RECORDS SHOWN>
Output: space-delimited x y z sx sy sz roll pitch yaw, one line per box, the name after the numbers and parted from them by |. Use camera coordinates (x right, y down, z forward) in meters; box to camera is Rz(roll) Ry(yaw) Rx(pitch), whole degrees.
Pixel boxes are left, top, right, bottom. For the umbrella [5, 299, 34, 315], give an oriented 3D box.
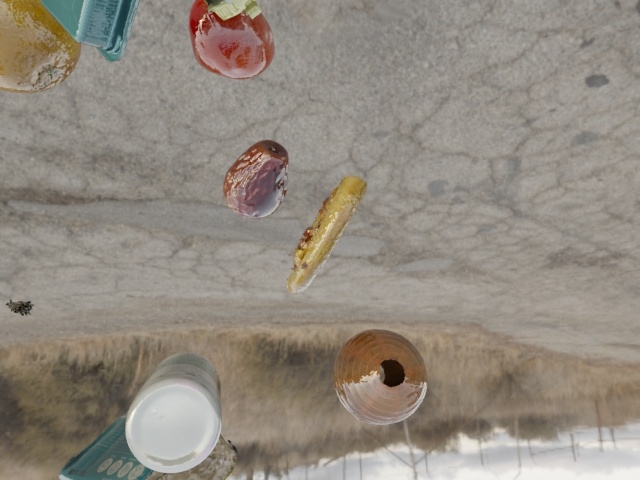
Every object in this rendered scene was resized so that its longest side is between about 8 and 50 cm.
-0.427 0.093 0.720 0.031 0.020 0.083 -17 -164 -42 | umbrella

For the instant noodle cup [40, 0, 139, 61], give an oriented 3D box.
-0.326 -0.363 0.716 0.070 0.157 0.179 -23 154 -52 | instant noodle cup

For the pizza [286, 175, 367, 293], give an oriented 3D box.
-0.002 -0.002 0.856 0.058 0.127 0.246 32 128 -1 | pizza

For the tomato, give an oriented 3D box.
-0.181 -0.412 1.036 0.187 0.151 0.187 25 155 13 | tomato

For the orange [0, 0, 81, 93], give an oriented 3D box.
-0.624 -0.433 1.024 0.274 0.275 0.274 -1 160 0 | orange

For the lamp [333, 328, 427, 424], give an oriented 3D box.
0.085 0.194 0.733 0.136 0.137 0.136 -1 160 0 | lamp

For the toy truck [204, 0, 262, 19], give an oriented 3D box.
-0.198 -0.491 0.862 0.124 0.272 0.157 -39 164 5 | toy truck

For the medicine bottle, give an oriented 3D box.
-0.165 0.187 0.608 0.095 0.095 0.260 4 174 -13 | medicine bottle

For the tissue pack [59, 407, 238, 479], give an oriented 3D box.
-0.309 0.409 0.917 0.270 0.134 0.192 -14 -159 42 | tissue pack

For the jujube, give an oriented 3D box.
-0.180 -0.177 1.488 0.189 0.190 0.255 9 134 -25 | jujube
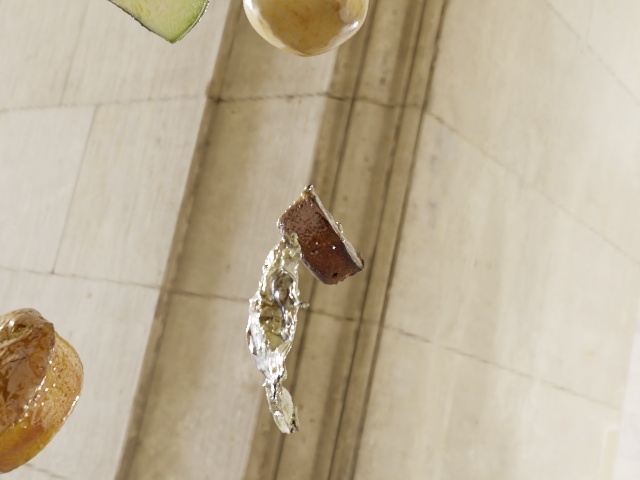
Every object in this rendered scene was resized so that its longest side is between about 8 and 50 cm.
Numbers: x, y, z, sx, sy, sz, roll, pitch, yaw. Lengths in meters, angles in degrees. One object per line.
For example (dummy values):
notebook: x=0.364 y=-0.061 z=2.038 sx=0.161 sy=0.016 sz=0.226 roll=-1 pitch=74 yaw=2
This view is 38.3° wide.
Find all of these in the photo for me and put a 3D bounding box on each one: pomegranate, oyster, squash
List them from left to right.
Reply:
squash: x=-0.232 y=-0.412 z=1.342 sx=0.191 sy=0.184 sz=0.085 roll=35 pitch=19 yaw=-13
oyster: x=-0.079 y=0.154 z=1.602 sx=0.107 sy=0.355 sz=0.201 roll=3 pitch=-34 yaw=2
pomegranate: x=-0.025 y=-0.366 z=1.349 sx=0.196 sy=0.196 sz=0.196 roll=12 pitch=-10 yaw=2

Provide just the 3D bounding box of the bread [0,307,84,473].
bread: x=-0.568 y=0.268 z=1.664 sx=0.312 sy=0.312 sz=0.172 roll=2 pitch=-34 yaw=44

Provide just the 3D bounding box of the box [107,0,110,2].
box: x=-0.362 y=-0.536 z=1.596 sx=0.143 sy=0.225 sz=0.341 roll=34 pitch=9 yaw=34

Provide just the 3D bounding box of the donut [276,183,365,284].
donut: x=-0.004 y=-0.003 z=1.999 sx=0.186 sy=0.126 sz=0.144 roll=44 pitch=14 yaw=-43

EXERCISE REQUIREMENTS> An exact reproduction of every record above is required, with no pictures included.

RESPONSE TO THIS EXERCISE>
Output: space-delimited x y z sx sy sz roll pitch yaw, one line per box, the name after the numbers and parted from them by |. Use camera coordinates (x right, y down, z forward) in meters; box to camera is Rz(roll) Ry(yaw) Rx(pitch), whole degrees.
Pixel boxes are left, top, right, bottom. For the umbrella [5, 299, 34, 315], give an oriented 3D box.
Every object in this rendered scene was resized so that its longest side is between about 8 and 50 cm.
-0.427 0.093 0.720 0.031 0.020 0.083 -17 -164 -42 | umbrella

For the instant noodle cup [40, 0, 139, 61], give an oriented 3D box.
-0.326 -0.363 0.716 0.070 0.157 0.179 -23 154 -52 | instant noodle cup

For the pizza [286, 175, 367, 293], give an oriented 3D box.
-0.002 -0.002 0.856 0.058 0.127 0.246 32 128 -1 | pizza

For the tomato, give an oriented 3D box.
-0.181 -0.412 1.036 0.187 0.151 0.187 25 155 13 | tomato

For the orange [0, 0, 81, 93], give an oriented 3D box.
-0.624 -0.433 1.024 0.274 0.275 0.274 -1 160 0 | orange

For the lamp [333, 328, 427, 424], give an oriented 3D box.
0.085 0.194 0.733 0.136 0.137 0.136 -1 160 0 | lamp

For the toy truck [204, 0, 262, 19], give an oriented 3D box.
-0.198 -0.491 0.862 0.124 0.272 0.157 -39 164 5 | toy truck

For the medicine bottle, give an oriented 3D box.
-0.165 0.187 0.608 0.095 0.095 0.260 4 174 -13 | medicine bottle

For the tissue pack [59, 407, 238, 479], give an oriented 3D box.
-0.309 0.409 0.917 0.270 0.134 0.192 -14 -159 42 | tissue pack

For the jujube, give an oriented 3D box.
-0.180 -0.177 1.488 0.189 0.190 0.255 9 134 -25 | jujube
Every object in this rendered scene was resized so that its longest side is between about 8 and 50 cm.
Numbers: x, y, z, sx, sy, sz, roll, pitch, yaw. Lengths in meters, angles in degrees. One object per line.
For example (dummy values):
notebook: x=0.364 y=-0.061 z=2.038 sx=0.161 sy=0.016 sz=0.226 roll=-1 pitch=74 yaw=2
This view is 38.3° wide.
Find all of these in the photo for me and put a 3D bounding box on each one: pomegranate, oyster, squash
List them from left to right.
Reply:
squash: x=-0.232 y=-0.412 z=1.342 sx=0.191 sy=0.184 sz=0.085 roll=35 pitch=19 yaw=-13
oyster: x=-0.079 y=0.154 z=1.602 sx=0.107 sy=0.355 sz=0.201 roll=3 pitch=-34 yaw=2
pomegranate: x=-0.025 y=-0.366 z=1.349 sx=0.196 sy=0.196 sz=0.196 roll=12 pitch=-10 yaw=2

Provide just the 3D bounding box of the bread [0,307,84,473].
bread: x=-0.568 y=0.268 z=1.664 sx=0.312 sy=0.312 sz=0.172 roll=2 pitch=-34 yaw=44

Provide just the 3D bounding box of the box [107,0,110,2].
box: x=-0.362 y=-0.536 z=1.596 sx=0.143 sy=0.225 sz=0.341 roll=34 pitch=9 yaw=34

Provide just the 3D bounding box of the donut [276,183,365,284].
donut: x=-0.004 y=-0.003 z=1.999 sx=0.186 sy=0.126 sz=0.144 roll=44 pitch=14 yaw=-43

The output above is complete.